- [Work to complete]: Nothing but the pictures should be dropped; repeat the rest of the data below exactly.

- [Information shown]:
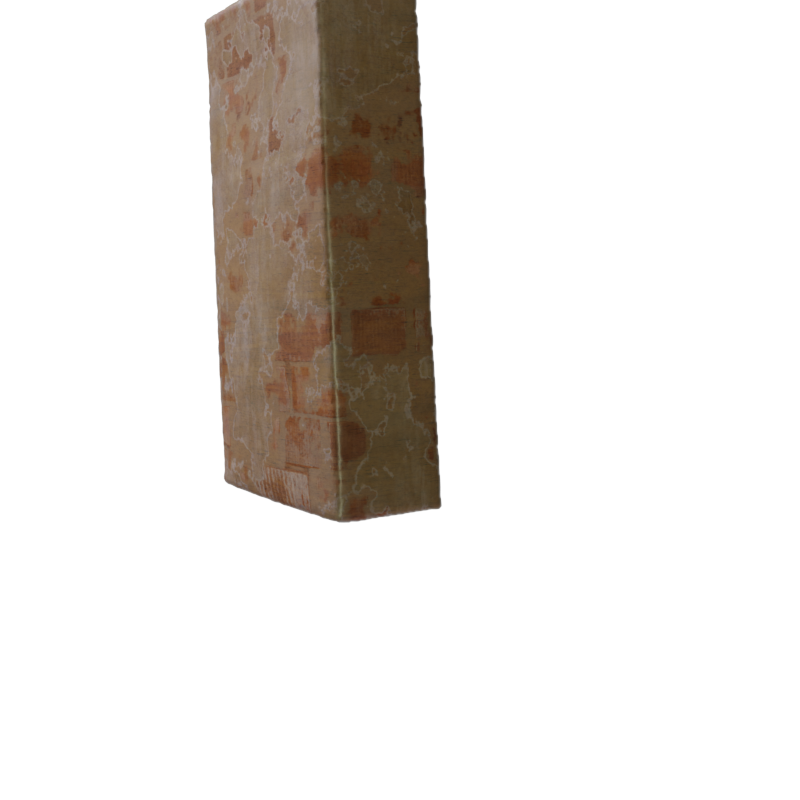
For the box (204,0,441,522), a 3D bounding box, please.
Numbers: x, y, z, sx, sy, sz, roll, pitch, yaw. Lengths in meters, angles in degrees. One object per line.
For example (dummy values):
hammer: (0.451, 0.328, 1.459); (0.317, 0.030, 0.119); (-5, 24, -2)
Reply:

- [Response]:
For the box (204,0,441,522), a 3D bounding box, please.
Numbers: x, y, z, sx, sy, sz, roll, pitch, yaw. Lengths in meters, angles in degrees. One object per line.
For example (dummy values):
hammer: (0.451, 0.328, 1.459); (0.317, 0.030, 0.119); (-5, 24, -2)
Reply:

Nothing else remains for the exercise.